→ Recorded information:
>>>

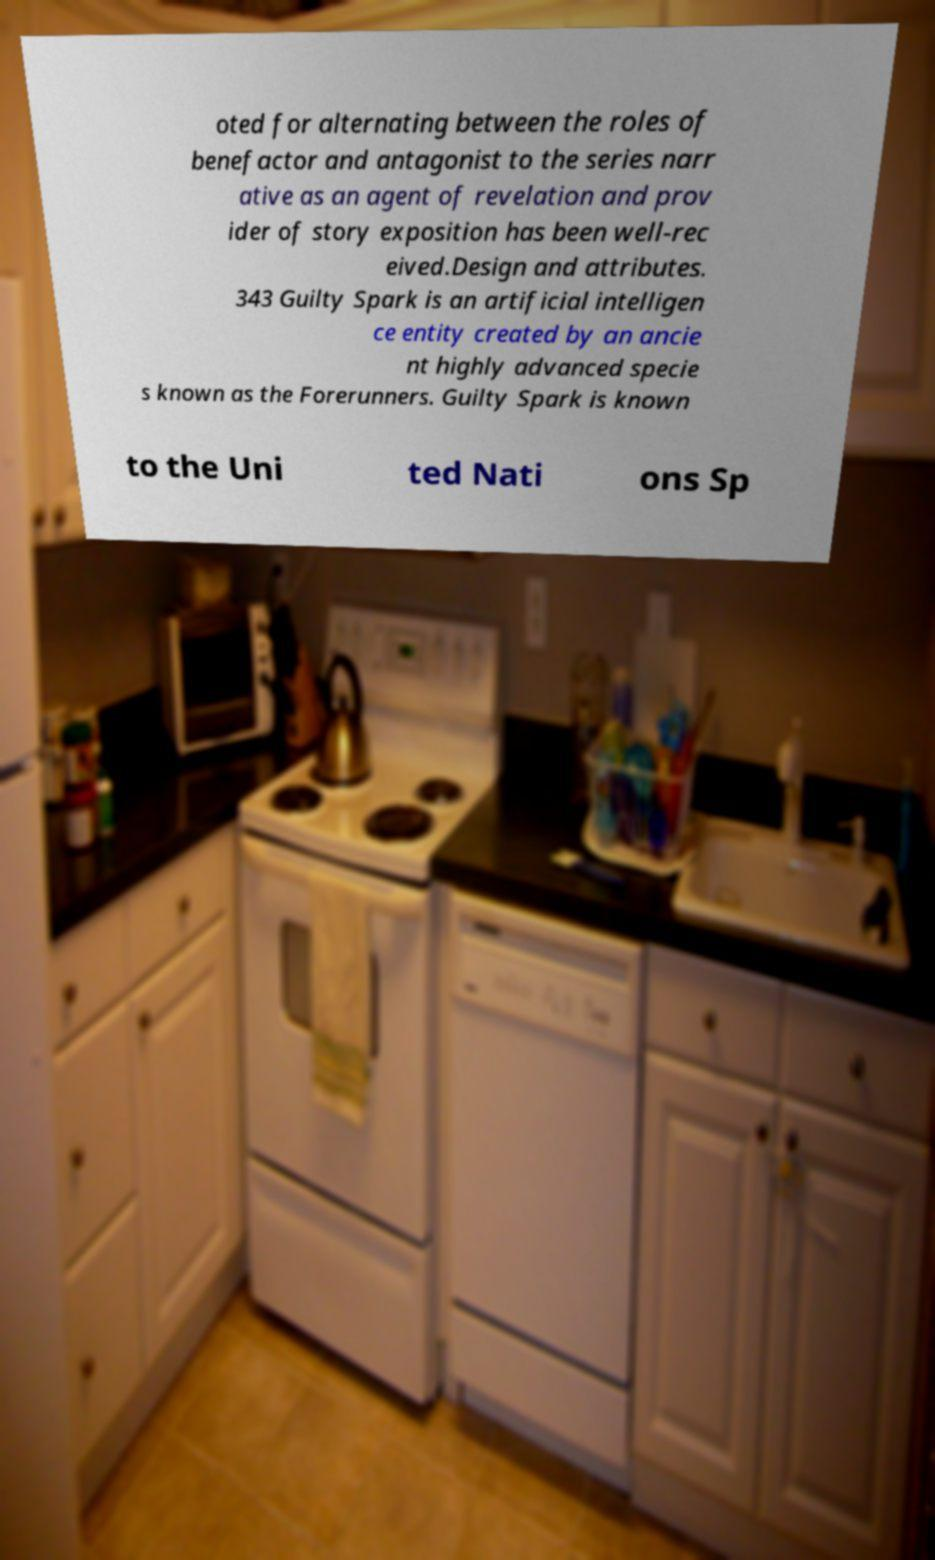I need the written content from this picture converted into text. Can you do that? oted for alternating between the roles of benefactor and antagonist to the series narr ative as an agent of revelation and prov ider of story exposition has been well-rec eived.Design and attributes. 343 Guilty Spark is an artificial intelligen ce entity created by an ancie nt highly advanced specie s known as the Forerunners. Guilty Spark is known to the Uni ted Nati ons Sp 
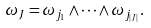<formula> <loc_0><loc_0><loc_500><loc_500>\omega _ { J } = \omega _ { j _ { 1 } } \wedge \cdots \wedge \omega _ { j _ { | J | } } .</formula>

<<<
>>>

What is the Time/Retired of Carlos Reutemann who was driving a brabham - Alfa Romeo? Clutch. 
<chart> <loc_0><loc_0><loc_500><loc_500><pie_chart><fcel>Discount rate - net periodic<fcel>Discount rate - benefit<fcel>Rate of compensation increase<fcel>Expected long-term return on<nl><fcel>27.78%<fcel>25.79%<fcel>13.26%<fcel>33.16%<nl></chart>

<<<
>>>

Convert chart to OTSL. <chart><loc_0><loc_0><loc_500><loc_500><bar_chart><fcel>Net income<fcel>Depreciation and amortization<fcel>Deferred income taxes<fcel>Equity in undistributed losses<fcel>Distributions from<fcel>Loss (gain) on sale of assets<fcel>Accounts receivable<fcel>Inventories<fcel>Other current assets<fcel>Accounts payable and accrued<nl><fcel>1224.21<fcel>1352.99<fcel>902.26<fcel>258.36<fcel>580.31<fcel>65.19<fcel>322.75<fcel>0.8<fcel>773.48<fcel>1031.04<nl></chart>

<<<

With the pictures omitted, print the lines above exactly, beginning at the line with "I need the written" and going on through the line with "<formula> <loc_0><loc_0><loc_500><loc_500>\omega _".

→ Answer to this problem:
I need the written content from this picture converted into text. Can you do that? oted for alternating between the roles of benefactor and antagonist to the series narr ative as an agent of revelation and prov ider of story exposition has been well-rec eived.Design and attributes. 343 Guilty Spark is an artificial intelligen ce entity created by an ancie nt highly advanced specie s known as the Forerunners. Guilty Spark is known to the Uni ted Nati ons Sp 
<formula> <loc_0><loc_0><loc_500><loc_500>\omega _ { J } = \omega _ { j _ { 1 } } \wedge \cdots \wedge \omega _ { j _ { | J | } } .</formula>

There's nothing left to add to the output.